I wasn’t in the market for a Steam Deck, but I was looking for an external backup drive, instead of using a not particularly reliable cloud backup service who’s in the process of awkwardly changing its billing. (I discovered, after finishing my album, that none of my 2026 work got backed up because I hadn’t configured it to — but I had to be choosy about what to back up because my storage is limited.) I went with a WD_BLACK spinning platter hard drive because they’re so much cheaper than SSDs at this point…
The price of a 1TB SATA SSD went from $100 to $275 since November 2025. For a nice NVME 4TB SSD, it went from $325 to $825. Fast DDR RAM just about quadrupled. The price of spinning hard drives also went up significantly, but not as steeply — these also have some RAM for caching purposes, and are probably also used in these AI data centers, and demand has probably gone up just because SSDs are so expensive.
Meanwhile, over this same period the price of CPUs, and even GPUs, have remained fairly steady, for the moment.
The “Stochastic Parrot” paper, published in 2020, predicted 5 kinds of failure that would be caused by AI. One of its authors was fired by Google for refusing to take her name off the paper, but every prediction has come true:
systems that mimic fluency but have zero comprehension of language or fact are by design incapable of being reliable — and yet fool users and developers into trusting them.
a training process that assigns higher confidence to more frequent phrases is one that amplifies existing biases and inequalities — with the result that systems based on these tools discriminate against women and minorities more than an average human while people assume they are impartial. (And indeed, it was found that when a man and a woman submit the exact same financial application, the man is granted a 10x higher credit limit; the appearance of the word “women” anywhere in an Amazon job application reduces the score assigned to that application.)
this same amplification effect works on a cultural level. Less common languages and viewpoints in the training data tend to be filtered out as part of a feedback loop when AI-generated output is used to train AI. Automatic translation of less common languages has demonstrably gotten worse over time. (We also see and feel this homogeneity in AI-generated “art.”)

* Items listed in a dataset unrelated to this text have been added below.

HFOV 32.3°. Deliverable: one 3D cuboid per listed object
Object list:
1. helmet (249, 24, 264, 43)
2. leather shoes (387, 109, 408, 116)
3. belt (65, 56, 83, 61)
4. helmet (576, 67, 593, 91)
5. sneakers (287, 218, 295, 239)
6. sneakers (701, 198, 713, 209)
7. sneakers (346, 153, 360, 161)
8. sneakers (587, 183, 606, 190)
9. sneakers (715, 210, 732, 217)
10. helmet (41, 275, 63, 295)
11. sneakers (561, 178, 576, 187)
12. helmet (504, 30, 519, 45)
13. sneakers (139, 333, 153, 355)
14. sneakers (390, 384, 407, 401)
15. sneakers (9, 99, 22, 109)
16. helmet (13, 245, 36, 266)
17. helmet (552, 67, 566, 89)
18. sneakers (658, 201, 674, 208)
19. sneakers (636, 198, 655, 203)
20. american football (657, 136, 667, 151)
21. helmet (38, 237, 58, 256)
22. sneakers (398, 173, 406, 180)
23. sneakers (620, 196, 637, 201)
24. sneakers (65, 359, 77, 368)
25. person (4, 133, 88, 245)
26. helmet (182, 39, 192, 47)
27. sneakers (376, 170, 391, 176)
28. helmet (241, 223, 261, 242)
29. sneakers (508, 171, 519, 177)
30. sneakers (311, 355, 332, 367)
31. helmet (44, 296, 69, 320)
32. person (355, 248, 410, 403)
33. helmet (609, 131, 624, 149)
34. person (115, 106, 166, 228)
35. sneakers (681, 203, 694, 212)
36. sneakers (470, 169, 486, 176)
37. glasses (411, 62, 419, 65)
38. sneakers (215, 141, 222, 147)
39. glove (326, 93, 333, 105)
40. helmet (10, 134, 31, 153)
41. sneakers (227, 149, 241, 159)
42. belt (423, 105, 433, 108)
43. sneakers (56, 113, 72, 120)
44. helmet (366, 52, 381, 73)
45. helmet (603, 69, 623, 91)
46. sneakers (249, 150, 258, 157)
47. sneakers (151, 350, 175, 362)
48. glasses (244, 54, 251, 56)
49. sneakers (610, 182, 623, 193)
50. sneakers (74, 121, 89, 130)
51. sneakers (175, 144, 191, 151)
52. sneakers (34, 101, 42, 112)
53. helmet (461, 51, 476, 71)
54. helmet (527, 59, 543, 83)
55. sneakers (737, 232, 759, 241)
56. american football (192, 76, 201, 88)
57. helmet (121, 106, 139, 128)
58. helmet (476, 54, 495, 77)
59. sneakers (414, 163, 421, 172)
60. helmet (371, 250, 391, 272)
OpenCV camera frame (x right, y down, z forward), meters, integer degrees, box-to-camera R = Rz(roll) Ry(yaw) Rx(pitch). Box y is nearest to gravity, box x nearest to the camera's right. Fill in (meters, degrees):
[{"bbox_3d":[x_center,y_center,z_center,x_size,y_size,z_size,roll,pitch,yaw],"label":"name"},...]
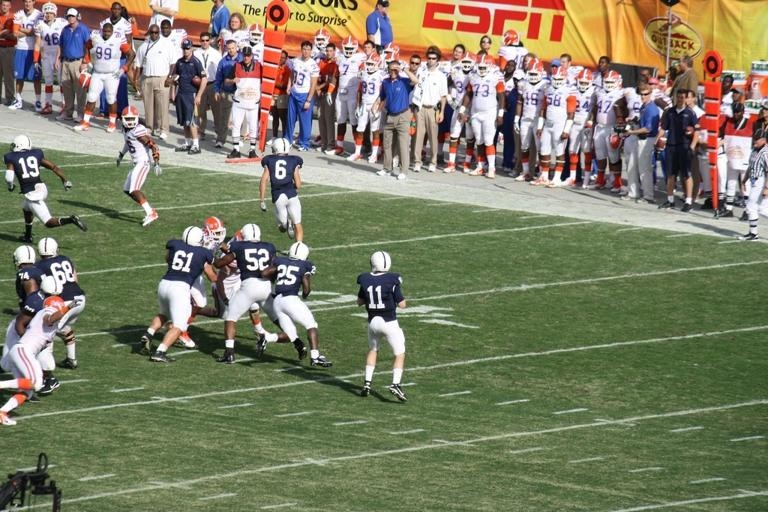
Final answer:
[{"bbox_3d":[-2.556,-4.416,26.720,0.292,0.406,0.351,3,6,-5],"label":"helmet"},{"bbox_3d":[0.312,-2.719,25.478,0.421,0.127,0.138,3,6,2],"label":"leather shoes"},{"bbox_3d":[-6.465,-4.047,27.642,0.367,0.094,0.083,2,6,-11],"label":"belt"},{"bbox_3d":[3.859,-3.341,25.405,0.364,0.349,0.454,3,14,13],"label":"helmet"},{"bbox_3d":[-1.492,-0.430,21.975,0.125,0.282,0.129,0,14,5],"label":"sneakers"},{"bbox_3d":[6.044,-0.959,24.654,0.110,0.226,0.226,-1,7,-41],"label":"sneakers"},{"bbox_3d":[-0.614,-1.967,26.927,0.145,0.081,0.250,-8,5,-44],"label":"sneakers"},{"bbox_3d":[4.163,-1.322,25.685,0.281,0.087,0.129,3,-1,-20],"label":"sneakers"},{"bbox_3d":[6.230,-0.751,24.049,0.271,0.149,0.076,1,7,-22],"label":"sneakers"},{"bbox_3d":[-4.268,0.390,17.099,0.215,0.225,0.277,36,3,-21],"label":"helmet"},{"bbox_3d":[3.629,-1.407,25.881,0.267,0.170,0.299,4,5,8],"label":"sneakers"},{"bbox_3d":[2.633,-4.368,26.953,0.294,0.338,0.650,4,5,4],"label":"helmet"},{"bbox_3d":[-3.286,1.209,18.125,0.169,0.167,0.384,8,-33,6],"label":"sneakers"},{"bbox_3d":[0.207,1.773,17.386,0.240,0.242,0.310,3,5,1],"label":"sneakers"},{"bbox_3d":[-8.008,-3.250,28.790,0.273,0.230,0.321,1,6,-18],"label":"sneakers"},{"bbox_3d":[-4.779,-0.002,17.813,0.295,0.241,0.342,1,7,-28],"label":"helmet"},{"bbox_3d":[3.352,-3.327,25.048,0.290,0.380,0.171,4,6,4],"label":"helmet"},{"bbox_3d":[5.263,-0.913,24.529,0.322,0.105,0.114,2,5,12],"label":"sneakers"},{"bbox_3d":[4.969,-1.014,24.946,0.345,0.103,0.110,2,12,7],"label":"sneakers"},{"bbox_3d":[5.057,-2.024,23.950,0.210,0.204,0.239,0,1,3],"label":"american football"},{"bbox_3d":[-4.538,-0.108,17.953,0.249,0.212,0.306,7,5,24],"label":"helmet"},{"bbox_3d":[0.385,-1.514,25.678,0.158,0.063,0.186,2,3,2],"label":"sneakers"},{"bbox_3d":[4.667,-1.065,24.947,0.256,0.084,0.099,1,9,14],"label":"sneakers"},{"bbox_3d":[-4.164,1.445,17.762,0.134,0.104,0.092,-2,4,32],"label":"sneakers"},{"bbox_3d":[-5.535,-1.038,21.418,1.193,1.698,0.701,4,6,2],"label":"person"},{"bbox_3d":[-3.913,-4.184,26.500,0.198,0.111,0.246,2,1,4],"label":"helmet"},{"bbox_3d":[0.014,-1.601,26.002,0.102,0.104,0.281,10,4,42],"label":"sneakers"},{"bbox_3d":[-1.806,-0.307,18.427,0.260,0.220,0.316,4,-5,-25],"label":"helmet"},{"bbox_3d":[2.640,-1.608,26.489,0.143,0.125,0.362,5,8,-1],"label":"sneakers"},{"bbox_3d":[-0.845,1.438,18.010,0.326,0.120,0.126,0,10,-2],"label":"sneakers"},{"bbox_3d":[-4.180,0.652,16.901,0.287,0.259,0.227,2,6,-15],"label":"helmet"},{"bbox_3d":[0.049,0.911,17.520,0.798,1.903,0.664,5,6,14],"label":"person"},{"bbox_3d":[4.364,-2.119,24.686,0.249,0.270,0.304,14,-10,14],"label":"helmet"},{"bbox_3d":[-4.254,-1.557,23.121,0.735,2.007,1.442,3,6,-10],"label":"person"},{"bbox_3d":[5.614,-0.875,24.381,0.184,0.156,0.228,4,6,7],"label":"sneakers"},{"bbox_3d":[1.926,-1.651,26.453,0.352,0.153,0.145,0,6,-24],"label":"sneakers"},{"bbox_3d":[0.638,-3.638,25.286,0.169,0.059,0.065,-1,7,-38],"label":"glasses"},{"bbox_3d":[-3.397,-2.263,27.302,0.158,0.138,0.061,7,7,34],"label":"sneakers"},{"bbox_3d":[-1.069,-3.151,26.979,0.162,0.206,0.174,3,6,-2],"label":"glove"},{"bbox_3d":[-5.855,-1.783,21.385,0.266,0.255,0.281,3,6,1],"label":"helmet"},{"bbox_3d":[-2.963,-2.006,26.428,0.271,0.183,0.318,2,5,-7],"label":"sneakers"},{"bbox_3d":[0.894,-2.876,25.908,0.164,0.075,0.033,2,6,-3],"label":"belt"},{"bbox_3d":[-6.818,-2.928,28.287,0.339,0.116,0.154,2,1,9],"label":"sneakers"},{"bbox_3d":[-0.180,-3.776,26.255,0.321,0.394,0.262,4,6,1],"label":"helmet"},{"bbox_3d":[4.343,-3.271,25.012,0.323,0.345,0.377,4,6,7],"label":"helmet"},{"bbox_3d":[-2.604,-2.017,26.577,0.181,0.154,0.237,3,5,-6],"label":"sneakers"},{"bbox_3d":[-2.998,1.356,18.106,0.203,0.171,0.344,8,7,39],"label":"sneakers"},{"bbox_3d":[-2.647,-3.873,25.919,0.132,0.061,0.090,1,6,-13],"label":"glasses"},{"bbox_3d":[4.578,-1.302,25.651,0.166,0.203,0.349,8,7,39],"label":"sneakers"},{"bbox_3d":[-6.314,-2.666,27.596,0.293,0.192,0.252,3,5,-3],"label":"sneakers"},{"bbox_3d":[-4.038,-2.142,26.749,0.373,0.117,0.128,1,5,0],"label":"sneakers"},{"bbox_3d":[-7.461,-3.190,28.636,0.128,0.240,0.390,2,5,-15],"label":"sneakers"},{"bbox_3d":[1.734,-3.746,25.954,0.353,0.316,0.382,2,-6,17],"label":"helmet"},{"bbox_3d":[2.963,-3.498,25.462,0.323,0.447,0.276,4,6,3],"label":"helmet"},{"bbox_3d":[6.313,-0.318,22.787,0.375,0.122,0.120,3,8,7],"label":"sneakers"},{"bbox_3d":[-3.717,-3.424,26.453,0.169,0.172,0.187,21,53,41],"label":"american football"},{"bbox_3d":[-4.340,-2.345,22.742,0.264,0.372,0.416,2,6,-14],"label":"helmet"},{"bbox_3d":[1.993,-3.627,25.564,0.322,0.394,0.191,3,6,-4],"label":"helmet"},{"bbox_3d":[0.696,-1.722,26.379,0.155,0.178,0.228,3,5,0],"label":"sneakers"},{"bbox_3d":[0.015,0.075,17.496,0.265,0.216,0.289,0,11,-16],"label":"helmet"}]

the energy cost of training an LLM on a massive data set is large, and this gets far worse with scale.
massive data sets too large for human review inevitably contain objectionable material, defamatory and dangerous disinformation, child SA, etc. and this iworks its way into the output.
All of this so that people can ask ChatGPT questions they could have used a regular search engine for, make fake photos, put artists and customer service workers out of a job, and get extremely bad medical advice.
(Yes, I was going to try Kagi, but that 100 free searches has me leaving it as a secondary option rather than a primary search option, so far. The Brave browser on Android, I’ve found much faster than Chrome… but its search engine is not so hot. And unfortunately you can’t add custom search URLs to the mobile Brave.)